At last he seemed to have finished.

He turned to Isak: "Well, as I said, it won't make you a rich man all
at once, this deal. But there may be more to come. We'll fix it up so
that you get more later on. Anyhow, I can give you two hundred now."

Isak understood but little of the whole thing, but two hundred _Daler_
was at any rate another miracle, and an unreasonable sum. He would get
it on paper, of course, not paid in cash, but let that be. Isak had
other things in his head just now.

"And you think she'll be pardoned?" he asked.

"Eh? Oh, your wife! Well, if there'd been a telegraph office in the
village, I'd have wired to Trondhjem and asked if she hadn't been set
free already."

Isak had heard men speak of the telegraph; a wonderful thing, a string
hung up on big poles, something altogether above the common earth. The
mention of it now seemed to shake his faith in Geissler's big words,
and he put in anxiously: "But suppose the King says no?"

Said Geissler: "In that case, I send in my supplementary material, a
full account of the whole affair. And then they _must_ set her free.
There's not a shadow of doubt."

Then he read over what he had written; the contract for purchase
of the land. Two hundred _Daler_ cash down, and later, a nice high
percentage of receipts from working, or ultimate disposal by further
sale, of the copper tract. "Sign your name here," said Geissler.

Isak would have signed readily enough, but he was no scholar; in all
his life he had got no farther than cutting initials in wood. But
there was that hateful creature Oline looking on; he took up the
pen - a beastly thing, too light to handle anyway - turned it right
end down, and _wrote_ - wrote his name. Whereupon Geissler added
something, presumably an explanation, and the man he had brought with
him signed as a witness.


But Oline was still there, standing immovable - it was indeed but now
she had turned so stiff. What was to happen?

"Dinner on the table, Oline," said Isak, possibly with a tough of
dignity, after having signed his name in writing on a paper. "Such as
we can offer," he added to Geissler.

"Smells good enough," said Geissler. "Sound meat and drink. Here,
Isak, here's your money!" Geissler took out his pocket-book - thick and
fat it was, too - drew from it two bundles of notes and laid them down.
"Count it over yourself."

Not a movement, not a sound.

"Isak," said Geissler again.

"Ay. Yes," answered Isak, and murmured, overwhelmed, "'Tis not that
I've asked for it, nor would - after all you've done."

"Ten tens in that - should be, and twenty fives here," said Geissler
shortly. "And I hope there'll be more than that by a long way for your
share soon."

And then it was that Oline recovered from her trance. The wonder had
happened after all. She set the food on the table.

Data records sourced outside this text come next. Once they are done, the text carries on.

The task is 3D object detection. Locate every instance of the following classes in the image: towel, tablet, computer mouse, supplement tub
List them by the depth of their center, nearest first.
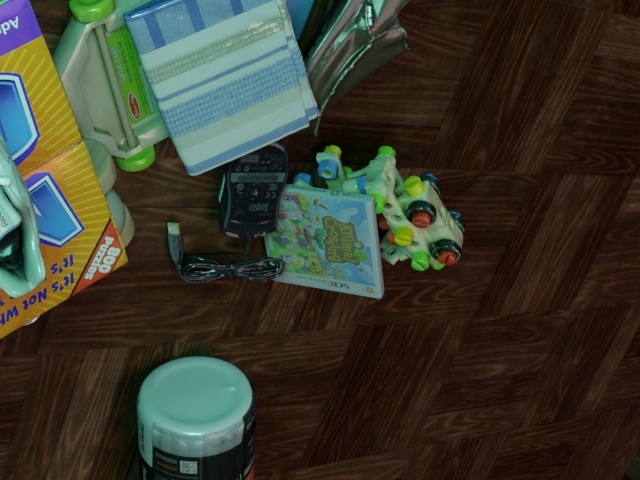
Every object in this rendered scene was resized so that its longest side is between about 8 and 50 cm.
[{"bbox_3d":[-0.124,-0.227,1.619,0.209,0.034,0.285,-26,135,-7],"label":"towel"},{"bbox_3d":[-0.037,-0.333,1.767,0.054,0.006,0.083,2,120,-44],"label":"tablet"},{"bbox_3d":[-0.145,-0.051,1.857,0.184,0.060,0.262,-5,123,-14],"label":"computer mouse"},{"bbox_3d":[-0.205,0.364,2.024,0.193,0.193,0.316,-21,133,-31],"label":"supplement tub"}]

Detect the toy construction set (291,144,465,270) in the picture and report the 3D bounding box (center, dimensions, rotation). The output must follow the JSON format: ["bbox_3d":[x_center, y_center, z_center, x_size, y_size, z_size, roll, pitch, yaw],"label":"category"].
[{"bbox_3d":[0.112,-0.035,2.003,0.327,0.215,0.151,37,50,-52],"label":"toy construction set"}]

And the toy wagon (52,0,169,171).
[{"bbox_3d":[-0.257,-0.218,1.605,0.344,0.068,0.267,-30,137,-21],"label":"toy wagon"}]

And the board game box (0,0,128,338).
[{"bbox_3d":[-0.477,-0.099,1.262,0.356,0.356,0.356,-32,138,-20],"label":"board game box"}]

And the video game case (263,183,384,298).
[{"bbox_3d":[0.000,0.000,1.940,0.212,0.193,0.023,81,25,-43],"label":"video game case"}]

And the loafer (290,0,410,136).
[{"bbox_3d":[0.066,-0.292,1.749,0.130,0.134,0.366,29,109,-8],"label":"loafer"}]

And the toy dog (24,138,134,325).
[{"bbox_3d":[-0.370,0.023,1.557,0.333,0.161,0.220,-38,144,9],"label":"toy dog"}]

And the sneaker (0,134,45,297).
[{"bbox_3d":[-0.308,-0.072,1.058,0.111,0.129,0.297,-36,137,-13],"label":"sneaker"}]
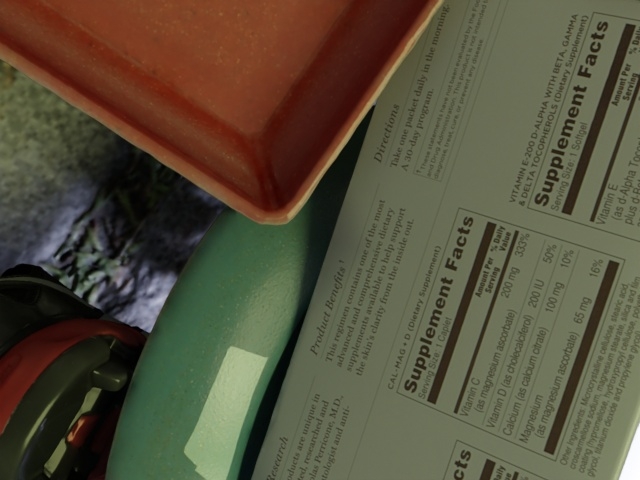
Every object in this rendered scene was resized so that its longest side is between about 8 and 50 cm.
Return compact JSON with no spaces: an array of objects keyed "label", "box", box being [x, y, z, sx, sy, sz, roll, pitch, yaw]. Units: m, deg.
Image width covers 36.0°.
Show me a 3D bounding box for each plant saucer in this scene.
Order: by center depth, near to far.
[{"label":"plant saucer","box":[-0.050,-0.178,0.354,0.259,0.048,0.258,33,97,-15]},{"label":"plant saucer","box":[0.013,0.087,0.525,0.318,0.044,0.317,-35,135,-45]}]

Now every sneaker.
[{"label":"sneaker","box":[-0.129,0.078,0.519,0.097,0.135,0.276,-59,163,-8]}]

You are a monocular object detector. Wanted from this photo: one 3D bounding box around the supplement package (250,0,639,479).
[{"label":"supplement package","box":[0.105,0.040,0.457,0.204,0.145,0.261,12,97,-60]}]

Next morning Geissler went out to the river to look at the mill.
It was small enough, and roughly built; ay, a mill for dwarfs, for
trollfolk, but strong and useful for a man's work. Isak led his guest
a little farther up the river, and showed him another fall he had been
working on a bit; it was to turn a saw, if so be God gave him health.
"The only thing," he said, "it's a heavy long way from school: I'll
have to get the lads to stay down in the village." But Geissler,
always so quick to find a way, saw nothing to worry about here. "There
are more people buying and settling here now," said he. "It won't be
long before there's enough to start a school."

"Ay, maybe, but not before my boys are grown."

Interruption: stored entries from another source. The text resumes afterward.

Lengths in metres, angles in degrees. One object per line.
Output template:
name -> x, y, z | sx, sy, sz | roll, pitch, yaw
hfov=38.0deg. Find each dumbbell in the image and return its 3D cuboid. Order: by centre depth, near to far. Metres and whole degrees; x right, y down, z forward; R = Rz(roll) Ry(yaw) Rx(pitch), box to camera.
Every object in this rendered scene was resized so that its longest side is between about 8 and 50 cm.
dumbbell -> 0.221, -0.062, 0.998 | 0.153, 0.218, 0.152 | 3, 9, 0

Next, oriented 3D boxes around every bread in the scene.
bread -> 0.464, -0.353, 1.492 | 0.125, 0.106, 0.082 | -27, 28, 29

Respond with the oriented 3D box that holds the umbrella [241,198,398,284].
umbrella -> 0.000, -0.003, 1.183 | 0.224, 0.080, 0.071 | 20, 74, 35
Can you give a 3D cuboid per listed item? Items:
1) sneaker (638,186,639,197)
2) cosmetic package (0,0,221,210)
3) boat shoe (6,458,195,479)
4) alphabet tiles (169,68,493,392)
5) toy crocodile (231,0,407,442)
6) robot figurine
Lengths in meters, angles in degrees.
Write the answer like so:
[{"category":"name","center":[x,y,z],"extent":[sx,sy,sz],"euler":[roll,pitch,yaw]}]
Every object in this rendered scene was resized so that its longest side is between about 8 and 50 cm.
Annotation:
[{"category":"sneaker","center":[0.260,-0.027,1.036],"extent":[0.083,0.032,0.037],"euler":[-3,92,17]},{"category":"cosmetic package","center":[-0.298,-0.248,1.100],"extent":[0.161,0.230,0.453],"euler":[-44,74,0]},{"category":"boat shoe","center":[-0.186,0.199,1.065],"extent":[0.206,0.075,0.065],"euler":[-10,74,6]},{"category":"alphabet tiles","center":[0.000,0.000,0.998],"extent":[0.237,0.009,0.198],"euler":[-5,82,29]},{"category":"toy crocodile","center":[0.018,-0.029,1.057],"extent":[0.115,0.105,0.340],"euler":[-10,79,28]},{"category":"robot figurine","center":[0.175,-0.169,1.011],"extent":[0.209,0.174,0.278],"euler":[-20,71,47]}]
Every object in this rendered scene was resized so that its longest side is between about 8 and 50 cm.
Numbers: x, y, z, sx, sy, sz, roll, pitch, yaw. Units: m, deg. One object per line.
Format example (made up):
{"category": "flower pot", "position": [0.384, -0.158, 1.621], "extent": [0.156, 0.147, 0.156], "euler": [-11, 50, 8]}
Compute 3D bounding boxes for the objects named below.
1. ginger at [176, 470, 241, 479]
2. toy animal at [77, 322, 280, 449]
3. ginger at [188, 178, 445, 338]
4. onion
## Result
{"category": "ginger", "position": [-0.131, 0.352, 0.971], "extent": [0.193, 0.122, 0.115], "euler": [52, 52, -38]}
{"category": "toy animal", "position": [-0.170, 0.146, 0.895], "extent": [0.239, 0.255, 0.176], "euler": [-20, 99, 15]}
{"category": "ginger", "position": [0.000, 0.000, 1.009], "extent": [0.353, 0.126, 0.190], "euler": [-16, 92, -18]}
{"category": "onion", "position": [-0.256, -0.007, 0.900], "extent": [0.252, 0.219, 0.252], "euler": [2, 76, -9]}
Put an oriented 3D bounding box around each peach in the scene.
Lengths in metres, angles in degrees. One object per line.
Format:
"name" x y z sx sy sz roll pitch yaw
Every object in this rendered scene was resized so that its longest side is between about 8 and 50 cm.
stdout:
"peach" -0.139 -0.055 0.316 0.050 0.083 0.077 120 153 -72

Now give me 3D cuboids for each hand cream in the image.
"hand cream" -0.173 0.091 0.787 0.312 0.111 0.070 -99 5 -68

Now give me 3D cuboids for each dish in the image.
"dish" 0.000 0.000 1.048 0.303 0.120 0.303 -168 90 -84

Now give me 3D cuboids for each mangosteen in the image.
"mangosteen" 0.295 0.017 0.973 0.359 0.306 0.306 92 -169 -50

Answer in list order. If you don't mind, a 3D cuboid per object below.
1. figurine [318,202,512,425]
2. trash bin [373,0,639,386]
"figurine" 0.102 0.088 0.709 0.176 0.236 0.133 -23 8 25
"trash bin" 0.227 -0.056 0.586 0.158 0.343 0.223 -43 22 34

"Well, why not let them live on a farm down in the village? You could
drive in with the boys and some food, and bring them up again three
weeks - six weeks after; it would be easy enough for you, surely?"

"Ay, maybe," said Isak.

Ay, all things would be easy enough, if Inger came home. House and
land and food and grand things enough, and a big sum of money too he
had, and his strength; he was hard as nails. Health and strength -
ay, full and unspoiled, unworn, in every way, the health and strength
of a man.

When Geissler had gone, Isak began thinking of many presumptuous
things. Ay, for had not Geissler, that blessing to them all, said at
parting that he would send a message very soon - would send a telegram
as soon as ever he could. "You can call in at the post office in a
fortnight's time," he had said. And that in itself was a wonderful
thing enough. Isak set to work making a seat for the cart. A seat, of
course, that could be taken off when using the cart for manure, but to
be put in again when any one wanted to drive. And when he had got
the seat made, it looked so white and new that it had to be painted
darker. As for that, there were things enough that had to be done! The
whole place wanted painting, to begin with. And he had been thinking
for years past of building a proper barn with a bridge, to house
in the crop. He had thought, too, of getting that saw set up and
finished; of fencing in all his cultivated ground; of building a boat
on the lake up in the hills. Many things he had thought of doing. But
hard as he worked, unreasonably hard - what did it help against time?
Time - it was the time that was too short. It was Sunday before he
knew, and then directly after, lo it was Sunday again!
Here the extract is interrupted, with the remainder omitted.